- Film poster
- Directed by: R. Vijay Anand A. R. Suriyan
- Written by: R. Vijay Anand A. R. Suriyan
- Produced by: Vasi Asif
- Starring: Vasi Ashif Pooja Shree Seeman
- Music by: Srikanth Deva
- Production company: Ashif Film International
- Release date: 8 November 2019;
- Country: India
- Language: Tamil

= Thavam (2019 film) =

Indian movie

Thavam is a 2019 film co-directed by R. Vijay Anand and A. R. Suriyan, both of whom directed Vilayattu Aarambam. The film stars newcomers Vasi Ashif, Pooja Shree, and Seeman in the lead roles. The film released on 8 November.

== Plot==
The story is about how three different people - Murugan (Vasi Ashif), Akila (Pooja Shree), and Natesan (Seeman) - come together. There is a subplot of love between Murugan and Akila.

== Production ==
After a six-year hiatus, Seeman was roped in to play the lead roles in Thavam alongside debutantes Vasi and Pooja Shree. He reprises his role as a farmer rights activist from Nagaraja Cholan MA, MLA .

== Soundtrack ==
Srikanth Deva composed the songs and sang one song.

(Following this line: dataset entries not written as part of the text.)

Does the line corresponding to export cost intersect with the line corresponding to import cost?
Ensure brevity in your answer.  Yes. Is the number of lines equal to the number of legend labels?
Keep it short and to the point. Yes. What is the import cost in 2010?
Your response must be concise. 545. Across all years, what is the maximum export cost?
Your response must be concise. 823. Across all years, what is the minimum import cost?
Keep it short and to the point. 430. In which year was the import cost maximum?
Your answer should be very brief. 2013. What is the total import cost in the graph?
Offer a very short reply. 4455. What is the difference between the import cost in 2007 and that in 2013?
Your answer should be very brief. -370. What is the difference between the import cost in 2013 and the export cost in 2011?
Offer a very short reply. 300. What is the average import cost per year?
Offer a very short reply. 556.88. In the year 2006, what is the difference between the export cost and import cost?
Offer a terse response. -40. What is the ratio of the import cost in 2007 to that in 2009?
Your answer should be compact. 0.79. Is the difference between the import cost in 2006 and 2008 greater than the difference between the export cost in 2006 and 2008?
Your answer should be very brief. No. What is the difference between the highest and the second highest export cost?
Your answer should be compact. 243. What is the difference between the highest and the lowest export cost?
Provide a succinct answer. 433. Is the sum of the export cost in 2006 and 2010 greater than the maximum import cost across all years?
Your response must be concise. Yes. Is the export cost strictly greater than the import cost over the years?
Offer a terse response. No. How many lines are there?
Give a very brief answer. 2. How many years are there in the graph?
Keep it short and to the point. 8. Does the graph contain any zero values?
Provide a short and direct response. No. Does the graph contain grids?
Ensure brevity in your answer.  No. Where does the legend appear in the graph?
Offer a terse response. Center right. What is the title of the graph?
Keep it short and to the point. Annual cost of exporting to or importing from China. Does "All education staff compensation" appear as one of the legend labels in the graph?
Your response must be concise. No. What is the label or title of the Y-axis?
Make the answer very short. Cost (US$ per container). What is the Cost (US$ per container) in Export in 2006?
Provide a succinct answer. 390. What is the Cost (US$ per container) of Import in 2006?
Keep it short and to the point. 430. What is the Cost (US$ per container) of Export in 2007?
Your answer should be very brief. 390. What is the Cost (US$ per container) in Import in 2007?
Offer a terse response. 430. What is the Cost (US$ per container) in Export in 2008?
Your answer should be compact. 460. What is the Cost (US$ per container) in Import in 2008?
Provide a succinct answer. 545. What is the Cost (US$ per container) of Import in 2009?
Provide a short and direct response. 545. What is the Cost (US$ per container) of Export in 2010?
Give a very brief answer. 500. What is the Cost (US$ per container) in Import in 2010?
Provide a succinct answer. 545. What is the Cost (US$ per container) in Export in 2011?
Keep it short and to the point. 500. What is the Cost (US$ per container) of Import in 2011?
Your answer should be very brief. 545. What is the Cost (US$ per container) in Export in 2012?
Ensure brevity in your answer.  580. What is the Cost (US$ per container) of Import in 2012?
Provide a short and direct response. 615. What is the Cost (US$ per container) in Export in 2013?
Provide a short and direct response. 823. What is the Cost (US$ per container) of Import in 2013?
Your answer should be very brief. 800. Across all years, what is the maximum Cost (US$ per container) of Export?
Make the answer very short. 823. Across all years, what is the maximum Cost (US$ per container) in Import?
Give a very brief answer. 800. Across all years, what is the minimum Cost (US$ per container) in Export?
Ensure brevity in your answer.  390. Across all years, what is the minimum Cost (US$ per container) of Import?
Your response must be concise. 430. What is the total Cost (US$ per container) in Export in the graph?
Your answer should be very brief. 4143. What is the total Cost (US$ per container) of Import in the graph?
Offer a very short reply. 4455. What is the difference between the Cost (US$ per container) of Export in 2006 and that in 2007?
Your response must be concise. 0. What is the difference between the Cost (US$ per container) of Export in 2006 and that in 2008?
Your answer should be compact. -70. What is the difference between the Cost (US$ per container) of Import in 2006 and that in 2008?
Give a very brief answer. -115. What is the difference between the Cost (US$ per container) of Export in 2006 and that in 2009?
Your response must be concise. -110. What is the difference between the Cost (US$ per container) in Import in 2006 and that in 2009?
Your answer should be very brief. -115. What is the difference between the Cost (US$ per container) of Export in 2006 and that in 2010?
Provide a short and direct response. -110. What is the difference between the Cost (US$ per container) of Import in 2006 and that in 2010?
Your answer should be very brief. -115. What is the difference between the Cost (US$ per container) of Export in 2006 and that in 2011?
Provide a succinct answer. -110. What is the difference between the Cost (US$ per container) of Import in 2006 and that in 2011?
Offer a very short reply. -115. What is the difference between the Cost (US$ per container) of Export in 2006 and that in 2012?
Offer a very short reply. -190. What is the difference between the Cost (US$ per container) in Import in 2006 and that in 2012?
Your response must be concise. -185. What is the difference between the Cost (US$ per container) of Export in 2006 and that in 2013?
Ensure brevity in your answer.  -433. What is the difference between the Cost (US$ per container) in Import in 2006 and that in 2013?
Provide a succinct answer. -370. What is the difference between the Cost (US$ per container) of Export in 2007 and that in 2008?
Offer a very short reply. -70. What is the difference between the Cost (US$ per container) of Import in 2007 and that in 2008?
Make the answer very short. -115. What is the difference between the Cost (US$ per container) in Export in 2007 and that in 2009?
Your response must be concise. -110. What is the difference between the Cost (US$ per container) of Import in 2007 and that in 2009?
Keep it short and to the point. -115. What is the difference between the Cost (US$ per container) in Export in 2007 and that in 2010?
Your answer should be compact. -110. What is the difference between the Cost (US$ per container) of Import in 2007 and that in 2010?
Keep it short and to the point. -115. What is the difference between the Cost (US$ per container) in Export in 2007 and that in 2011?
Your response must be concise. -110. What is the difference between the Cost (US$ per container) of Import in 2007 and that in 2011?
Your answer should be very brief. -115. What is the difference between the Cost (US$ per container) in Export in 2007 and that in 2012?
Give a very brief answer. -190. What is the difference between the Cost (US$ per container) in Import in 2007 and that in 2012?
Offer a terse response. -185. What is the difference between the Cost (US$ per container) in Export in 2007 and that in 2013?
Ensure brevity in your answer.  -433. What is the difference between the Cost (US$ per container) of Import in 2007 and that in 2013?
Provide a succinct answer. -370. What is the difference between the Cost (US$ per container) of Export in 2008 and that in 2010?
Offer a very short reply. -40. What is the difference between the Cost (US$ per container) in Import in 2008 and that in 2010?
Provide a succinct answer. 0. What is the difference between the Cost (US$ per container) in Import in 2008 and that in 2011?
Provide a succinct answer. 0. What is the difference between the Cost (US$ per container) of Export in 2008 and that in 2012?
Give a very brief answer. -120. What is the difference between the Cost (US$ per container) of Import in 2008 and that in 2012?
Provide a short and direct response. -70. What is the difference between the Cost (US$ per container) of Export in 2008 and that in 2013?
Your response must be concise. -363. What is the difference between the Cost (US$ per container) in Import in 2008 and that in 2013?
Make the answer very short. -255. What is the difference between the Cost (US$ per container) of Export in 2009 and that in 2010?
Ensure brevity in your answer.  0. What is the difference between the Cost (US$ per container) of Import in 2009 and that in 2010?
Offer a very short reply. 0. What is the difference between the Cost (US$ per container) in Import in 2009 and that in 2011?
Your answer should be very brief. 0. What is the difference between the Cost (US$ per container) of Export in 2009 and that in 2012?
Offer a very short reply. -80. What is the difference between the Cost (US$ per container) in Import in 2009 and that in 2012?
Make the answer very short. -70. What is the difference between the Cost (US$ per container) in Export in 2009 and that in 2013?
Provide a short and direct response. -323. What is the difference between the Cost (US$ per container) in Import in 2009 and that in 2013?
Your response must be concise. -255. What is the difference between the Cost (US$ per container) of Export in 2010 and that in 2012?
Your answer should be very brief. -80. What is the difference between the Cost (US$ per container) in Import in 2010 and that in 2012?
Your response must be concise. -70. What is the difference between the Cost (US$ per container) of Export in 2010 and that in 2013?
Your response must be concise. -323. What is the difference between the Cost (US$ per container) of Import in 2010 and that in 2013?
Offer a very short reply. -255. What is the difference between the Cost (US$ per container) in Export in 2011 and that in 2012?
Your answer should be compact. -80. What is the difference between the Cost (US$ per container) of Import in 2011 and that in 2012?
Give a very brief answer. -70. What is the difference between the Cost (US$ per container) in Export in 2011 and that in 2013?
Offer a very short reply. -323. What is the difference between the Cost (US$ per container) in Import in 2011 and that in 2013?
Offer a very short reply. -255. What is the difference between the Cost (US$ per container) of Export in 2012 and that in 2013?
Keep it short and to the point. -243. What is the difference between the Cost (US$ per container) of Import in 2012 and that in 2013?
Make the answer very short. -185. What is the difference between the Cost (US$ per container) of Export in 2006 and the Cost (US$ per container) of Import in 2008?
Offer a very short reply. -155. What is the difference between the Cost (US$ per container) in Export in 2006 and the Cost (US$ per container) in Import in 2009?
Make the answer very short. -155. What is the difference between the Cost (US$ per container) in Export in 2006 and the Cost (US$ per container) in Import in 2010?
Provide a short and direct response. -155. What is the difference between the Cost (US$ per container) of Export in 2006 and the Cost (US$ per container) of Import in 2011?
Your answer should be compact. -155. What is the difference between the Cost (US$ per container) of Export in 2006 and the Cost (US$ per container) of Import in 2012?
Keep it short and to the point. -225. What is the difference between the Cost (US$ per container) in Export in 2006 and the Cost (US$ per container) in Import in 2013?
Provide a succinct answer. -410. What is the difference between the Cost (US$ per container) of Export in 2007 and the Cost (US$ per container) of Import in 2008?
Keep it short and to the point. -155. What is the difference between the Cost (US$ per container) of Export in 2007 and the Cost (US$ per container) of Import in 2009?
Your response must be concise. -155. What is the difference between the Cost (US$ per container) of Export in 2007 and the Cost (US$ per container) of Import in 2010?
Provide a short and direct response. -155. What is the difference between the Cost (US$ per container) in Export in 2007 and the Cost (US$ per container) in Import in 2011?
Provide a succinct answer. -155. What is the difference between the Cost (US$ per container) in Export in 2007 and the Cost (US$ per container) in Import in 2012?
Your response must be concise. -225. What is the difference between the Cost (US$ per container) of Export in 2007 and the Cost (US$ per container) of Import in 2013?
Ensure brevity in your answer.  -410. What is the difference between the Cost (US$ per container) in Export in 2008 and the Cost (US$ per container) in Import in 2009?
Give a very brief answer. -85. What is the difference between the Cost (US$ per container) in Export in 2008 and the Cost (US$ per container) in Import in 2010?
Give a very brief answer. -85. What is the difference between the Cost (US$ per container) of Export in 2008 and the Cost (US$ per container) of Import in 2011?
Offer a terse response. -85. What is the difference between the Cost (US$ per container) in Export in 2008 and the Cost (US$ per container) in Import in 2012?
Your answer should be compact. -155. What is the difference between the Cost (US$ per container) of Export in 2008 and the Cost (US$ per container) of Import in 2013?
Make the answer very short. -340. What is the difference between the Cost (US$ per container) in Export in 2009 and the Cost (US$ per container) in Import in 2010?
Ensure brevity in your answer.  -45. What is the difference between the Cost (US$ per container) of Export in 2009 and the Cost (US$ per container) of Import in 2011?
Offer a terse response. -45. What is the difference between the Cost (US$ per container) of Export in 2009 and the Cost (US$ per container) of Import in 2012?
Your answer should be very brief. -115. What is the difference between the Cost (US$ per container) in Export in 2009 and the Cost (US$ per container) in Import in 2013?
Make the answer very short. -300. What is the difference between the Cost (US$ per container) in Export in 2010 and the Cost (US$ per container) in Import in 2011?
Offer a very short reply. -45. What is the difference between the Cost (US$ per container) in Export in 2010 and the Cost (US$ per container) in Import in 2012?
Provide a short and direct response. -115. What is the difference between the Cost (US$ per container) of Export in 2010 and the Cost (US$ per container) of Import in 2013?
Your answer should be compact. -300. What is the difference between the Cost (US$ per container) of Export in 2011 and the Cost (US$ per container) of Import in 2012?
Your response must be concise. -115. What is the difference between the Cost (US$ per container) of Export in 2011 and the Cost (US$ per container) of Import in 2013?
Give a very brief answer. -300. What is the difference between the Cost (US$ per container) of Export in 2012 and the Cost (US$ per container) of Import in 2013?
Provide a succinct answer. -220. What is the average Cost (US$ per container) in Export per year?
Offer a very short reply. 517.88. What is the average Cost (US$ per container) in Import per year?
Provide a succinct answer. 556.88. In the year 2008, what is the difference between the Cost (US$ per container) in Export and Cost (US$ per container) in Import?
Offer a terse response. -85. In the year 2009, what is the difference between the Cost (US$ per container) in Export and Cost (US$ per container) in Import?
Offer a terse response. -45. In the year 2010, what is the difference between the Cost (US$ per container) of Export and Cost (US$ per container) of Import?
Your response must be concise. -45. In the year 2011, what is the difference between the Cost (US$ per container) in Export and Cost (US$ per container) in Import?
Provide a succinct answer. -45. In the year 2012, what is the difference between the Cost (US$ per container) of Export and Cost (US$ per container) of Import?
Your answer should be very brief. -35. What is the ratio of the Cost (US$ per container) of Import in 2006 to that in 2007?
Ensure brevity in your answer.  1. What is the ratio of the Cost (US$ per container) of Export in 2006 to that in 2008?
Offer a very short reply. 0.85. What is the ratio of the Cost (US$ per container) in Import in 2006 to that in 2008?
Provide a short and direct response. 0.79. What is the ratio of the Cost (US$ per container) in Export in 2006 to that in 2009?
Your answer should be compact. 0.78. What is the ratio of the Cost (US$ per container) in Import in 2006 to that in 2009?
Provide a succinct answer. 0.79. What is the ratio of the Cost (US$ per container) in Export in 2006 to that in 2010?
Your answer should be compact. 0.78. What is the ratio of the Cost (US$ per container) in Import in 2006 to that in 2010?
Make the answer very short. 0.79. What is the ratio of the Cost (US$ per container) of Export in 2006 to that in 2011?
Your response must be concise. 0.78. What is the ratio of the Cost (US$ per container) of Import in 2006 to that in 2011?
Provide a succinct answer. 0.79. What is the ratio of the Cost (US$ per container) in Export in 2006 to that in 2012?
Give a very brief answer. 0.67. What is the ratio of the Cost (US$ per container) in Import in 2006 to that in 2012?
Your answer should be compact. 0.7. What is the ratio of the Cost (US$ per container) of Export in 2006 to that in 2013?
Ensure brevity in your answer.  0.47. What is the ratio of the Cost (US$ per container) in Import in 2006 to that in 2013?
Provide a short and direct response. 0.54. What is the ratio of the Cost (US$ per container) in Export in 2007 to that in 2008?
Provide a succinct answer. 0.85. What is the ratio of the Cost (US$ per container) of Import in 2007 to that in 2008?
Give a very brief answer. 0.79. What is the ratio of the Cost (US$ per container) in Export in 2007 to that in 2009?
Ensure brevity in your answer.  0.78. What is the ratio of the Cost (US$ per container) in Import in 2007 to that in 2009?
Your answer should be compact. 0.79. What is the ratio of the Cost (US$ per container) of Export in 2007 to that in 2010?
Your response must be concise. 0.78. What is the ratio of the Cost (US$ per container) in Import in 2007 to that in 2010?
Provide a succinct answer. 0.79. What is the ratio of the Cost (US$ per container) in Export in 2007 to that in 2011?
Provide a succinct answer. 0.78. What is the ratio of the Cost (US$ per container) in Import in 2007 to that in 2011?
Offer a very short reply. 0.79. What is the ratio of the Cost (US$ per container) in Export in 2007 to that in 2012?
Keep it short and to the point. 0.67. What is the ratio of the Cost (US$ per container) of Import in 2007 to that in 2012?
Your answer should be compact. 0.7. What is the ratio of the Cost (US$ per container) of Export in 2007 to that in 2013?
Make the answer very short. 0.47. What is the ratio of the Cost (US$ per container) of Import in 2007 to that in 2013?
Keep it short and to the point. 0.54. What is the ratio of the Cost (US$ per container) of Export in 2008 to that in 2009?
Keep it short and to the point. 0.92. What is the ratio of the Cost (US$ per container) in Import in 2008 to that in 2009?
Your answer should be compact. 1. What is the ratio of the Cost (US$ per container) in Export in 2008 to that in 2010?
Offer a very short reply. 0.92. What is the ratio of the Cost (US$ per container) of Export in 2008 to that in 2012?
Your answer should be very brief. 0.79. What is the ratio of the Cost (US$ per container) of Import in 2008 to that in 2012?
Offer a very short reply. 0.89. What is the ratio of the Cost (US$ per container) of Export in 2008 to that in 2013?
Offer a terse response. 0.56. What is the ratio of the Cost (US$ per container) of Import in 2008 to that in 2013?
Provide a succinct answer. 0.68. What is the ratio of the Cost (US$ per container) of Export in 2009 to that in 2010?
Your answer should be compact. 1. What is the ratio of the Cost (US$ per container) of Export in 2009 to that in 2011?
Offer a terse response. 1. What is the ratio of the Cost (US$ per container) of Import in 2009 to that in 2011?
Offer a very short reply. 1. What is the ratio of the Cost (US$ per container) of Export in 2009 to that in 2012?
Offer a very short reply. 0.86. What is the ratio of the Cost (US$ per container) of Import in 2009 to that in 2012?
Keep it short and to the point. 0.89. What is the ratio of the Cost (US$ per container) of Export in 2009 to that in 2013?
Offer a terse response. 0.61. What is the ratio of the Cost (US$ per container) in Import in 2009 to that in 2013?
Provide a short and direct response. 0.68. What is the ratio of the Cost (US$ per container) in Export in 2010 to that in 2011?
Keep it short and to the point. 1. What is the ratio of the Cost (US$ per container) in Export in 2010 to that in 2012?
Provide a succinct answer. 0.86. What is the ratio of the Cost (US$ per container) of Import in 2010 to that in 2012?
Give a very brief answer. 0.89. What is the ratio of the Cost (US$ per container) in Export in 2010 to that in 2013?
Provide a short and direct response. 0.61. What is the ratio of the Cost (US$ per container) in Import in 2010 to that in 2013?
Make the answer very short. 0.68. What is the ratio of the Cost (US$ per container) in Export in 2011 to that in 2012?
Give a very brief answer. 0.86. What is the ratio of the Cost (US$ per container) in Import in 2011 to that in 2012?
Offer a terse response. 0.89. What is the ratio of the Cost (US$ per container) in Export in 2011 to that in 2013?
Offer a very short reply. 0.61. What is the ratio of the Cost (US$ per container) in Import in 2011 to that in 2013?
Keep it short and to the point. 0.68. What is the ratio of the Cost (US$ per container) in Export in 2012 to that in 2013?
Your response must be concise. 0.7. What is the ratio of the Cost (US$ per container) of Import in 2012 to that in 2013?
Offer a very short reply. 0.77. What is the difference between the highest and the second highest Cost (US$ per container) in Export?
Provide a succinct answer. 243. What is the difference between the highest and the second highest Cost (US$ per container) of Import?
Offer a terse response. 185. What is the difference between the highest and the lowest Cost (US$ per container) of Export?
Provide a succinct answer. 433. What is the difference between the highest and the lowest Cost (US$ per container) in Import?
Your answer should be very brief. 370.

The audio was released on 4 December 2019.

| Song title | Lyricist | Singers |
|---|---|---|
| "Enna Enna Azhagu" | Mayil | Karunguil James, Hema Ambika |
| "Sandiyare" | Mayil | Chitti, Bhagyashree |
| "Oore Kondattam" | Indumathi Pakirisamy | Guru Ayyadurai, Suren Sekaran, G. Ebi, Reshmi, Varanya Srikanth, Sashiya Srikanth |
| "Kaadhalil Vizhunthen" | Srikanth Deva | Srikanth Deva, V. Shinee |
| "Vaa Nee" | Govind - Ezhilvendan | Suren Sekaran, Suseela Madan, G. Ebi, Jo Pappa |
| "Varama Nee" | Srikanth Deva | Deva |

== Release ==
The film released to negative reviews. The Times of India gave the film 1.5 out of 5 stars and wrote that "The film is also a tad long and tests our patience after a point". The reviewer criticized the comedy scenes, unengaging screenplay, songs, and emotional scenes. Maalaimalar criticized the length of the film. Dinamalar praised the performances of the lead cast.